Tra tira e molla diversi, tra volta faccia o meglio volta musi, tra conferme e smentite, tra mezze verità e bugie intere si è finalmente deciso.
Una decisione contorta, barocca, illogica ed assurda, comunque simile a quella di base presentata dieci anni fa dal Brontolo che cadde miseramente con 3 voti favorevoli e 42 contrari.
Era chiaro, già allora, che per poter sopravvivere le due testate avrebbero dovuto fusionarsi ma in modo chiaro e trasparente si sarebbe creata una nuova testata che conglobava il San Bernardino e la Voce in un operazione pulita sotto tutti i profili, sia da quello gestionale che da quello redazionale.
Invece no, nell’ultima assemblea gli Amici hanno partorito una decisione illogica come illogica e tortuosa è la mente dell’ attuale presidente dell’ Associazione stessa.
Un unico giornale, per beneficiare delle tariffe postali favorevoli, sarà stampato presso la tipografia Poncioni a Losone e sarà composto da due o più pagine.

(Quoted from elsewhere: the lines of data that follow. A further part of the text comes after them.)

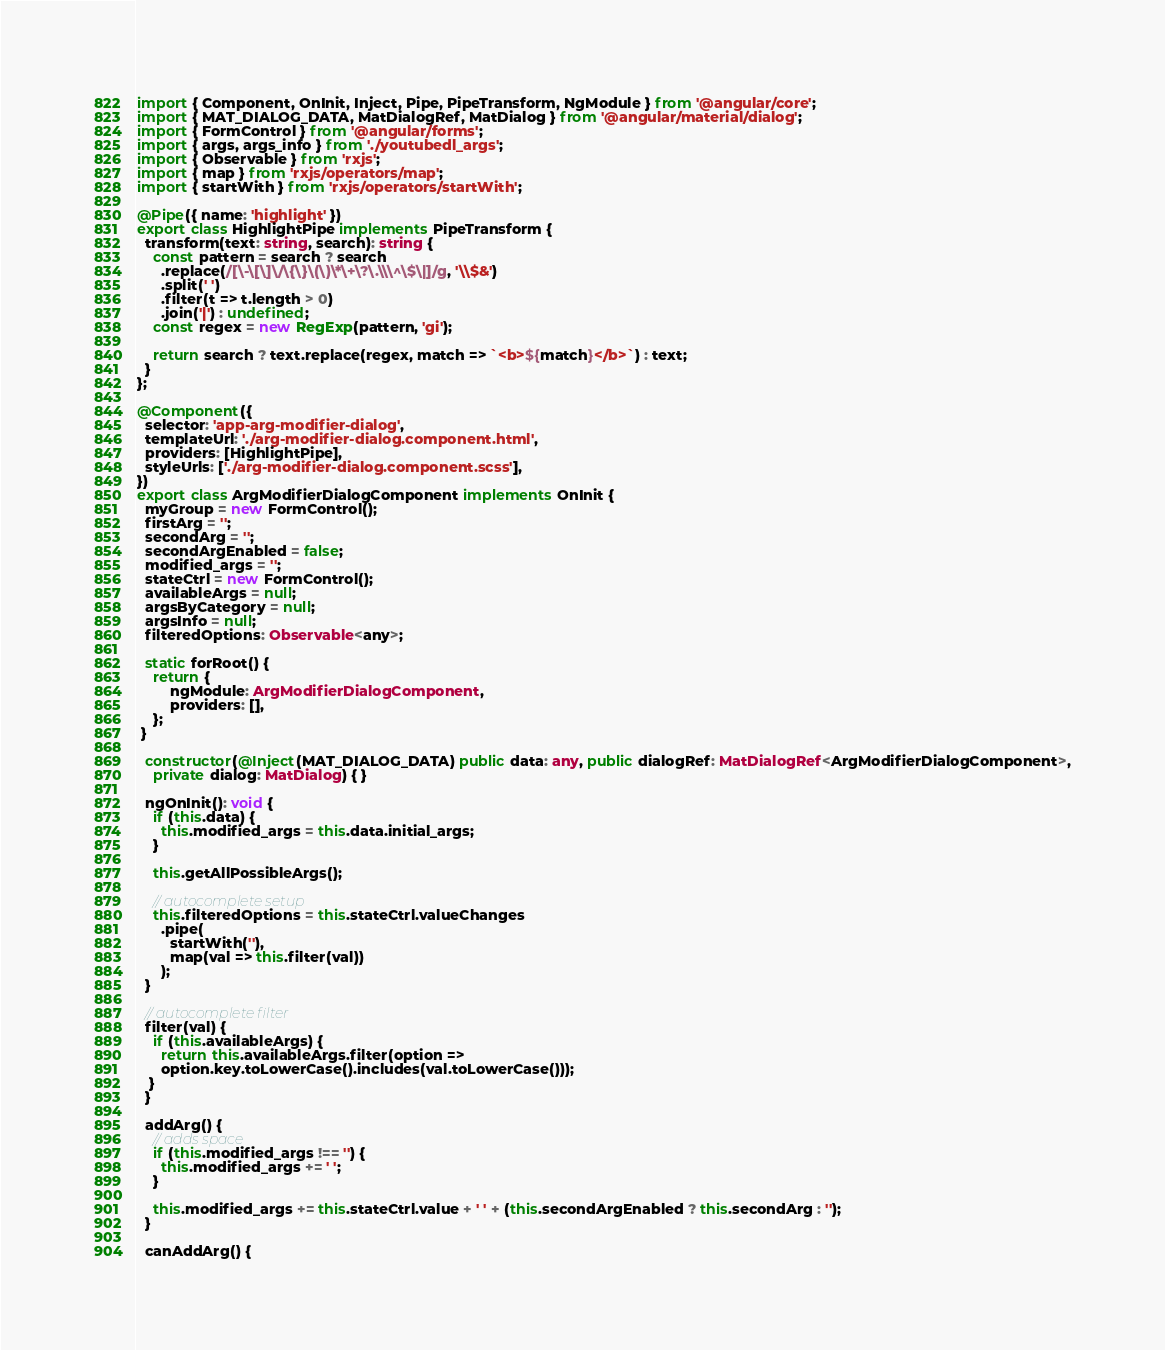<code> <loc_0><loc_0><loc_500><loc_500><_TypeScript_>import { Component, OnInit, Inject, Pipe, PipeTransform, NgModule } from '@angular/core';
import { MAT_DIALOG_DATA, MatDialogRef, MatDialog } from '@angular/material/dialog';
import { FormControl } from '@angular/forms';
import { args, args_info } from './youtubedl_args';
import { Observable } from 'rxjs';
import { map } from 'rxjs/operators/map';
import { startWith } from 'rxjs/operators/startWith';

@Pipe({ name: 'highlight' })
export class HighlightPipe implements PipeTransform {
  transform(text: string, search): string {
    const pattern = search ? search
      .replace(/[\-\[\]\/\{\}\(\)\*\+\?\.\\\^\$\|]/g, '\\$&')
      .split(' ')
      .filter(t => t.length > 0)
      .join('|') : undefined;
    const regex = new RegExp(pattern, 'gi');

    return search ? text.replace(regex, match => `<b>${match}</b>`) : text;
  }
};

@Component({
  selector: 'app-arg-modifier-dialog',
  templateUrl: './arg-modifier-dialog.component.html',
  providers: [HighlightPipe],
  styleUrls: ['./arg-modifier-dialog.component.scss'],
})
export class ArgModifierDialogComponent implements OnInit {
  myGroup = new FormControl();
  firstArg = '';
  secondArg = '';
  secondArgEnabled = false;
  modified_args = '';
  stateCtrl = new FormControl();
  availableArgs = null;
  argsByCategory = null;
  argsInfo = null;
  filteredOptions: Observable<any>;

  static forRoot() {
    return {
        ngModule: ArgModifierDialogComponent,
        providers: [],
    };
 }

  constructor(@Inject(MAT_DIALOG_DATA) public data: any, public dialogRef: MatDialogRef<ArgModifierDialogComponent>,
    private dialog: MatDialog) { }

  ngOnInit(): void {
    if (this.data) {
      this.modified_args = this.data.initial_args;
    }

    this.getAllPossibleArgs();

    // autocomplete setup
    this.filteredOptions = this.stateCtrl.valueChanges
      .pipe(
        startWith(''),
        map(val => this.filter(val))
      );
  }

  // autocomplete filter
  filter(val) {
    if (this.availableArgs) {
      return this.availableArgs.filter(option =>
      option.key.toLowerCase().includes(val.toLowerCase()));
   }
  }

  addArg() {
    // adds space
    if (this.modified_args !== '') {
      this.modified_args += ' ';
    }

    this.modified_args += this.stateCtrl.value + ' ' + (this.secondArgEnabled ? this.secondArg : '');
  }

  canAddArg() {</code>

A intermittenza la Voce sarà stampata dall’ Alto verso il basso e il San Bernardino dal Basso verso l’alto.
Ci saranno due redazioni separate e il coordinamento e funzionamento delle stesse è ancora da collaudare e porterà certamente delle grosse sorprese e contrasti.
La gestione del nuovo “Giornale di gamb in su” sarà uniformata presso l’amministrazione dell’editore Rezzonico.
Almeno finalmente riusciremo a visionare regolarmente i conti annuali , perché l’attuale amministrazione è sempre stata molto stitica nel presentare con regolarità i conti di gestione e li ha sempre sottoposti piuttosto alla rinfusa.
L’abbonamento annuale al giornale sarà di Fr. 66.00 ma il sottoscrittore con questa cifra potrà leggere due giornali pagandone in effetti solo uno.
Per i cappoccia, questa operazione kamikaze favorirà l’aumento degli abbonati al giornale, per noi invece rappresenterà una diminuzione perché diversi sono già affezionati lettori delle due testate e quindi rinunceranno volontieri ad un abbonamento in più.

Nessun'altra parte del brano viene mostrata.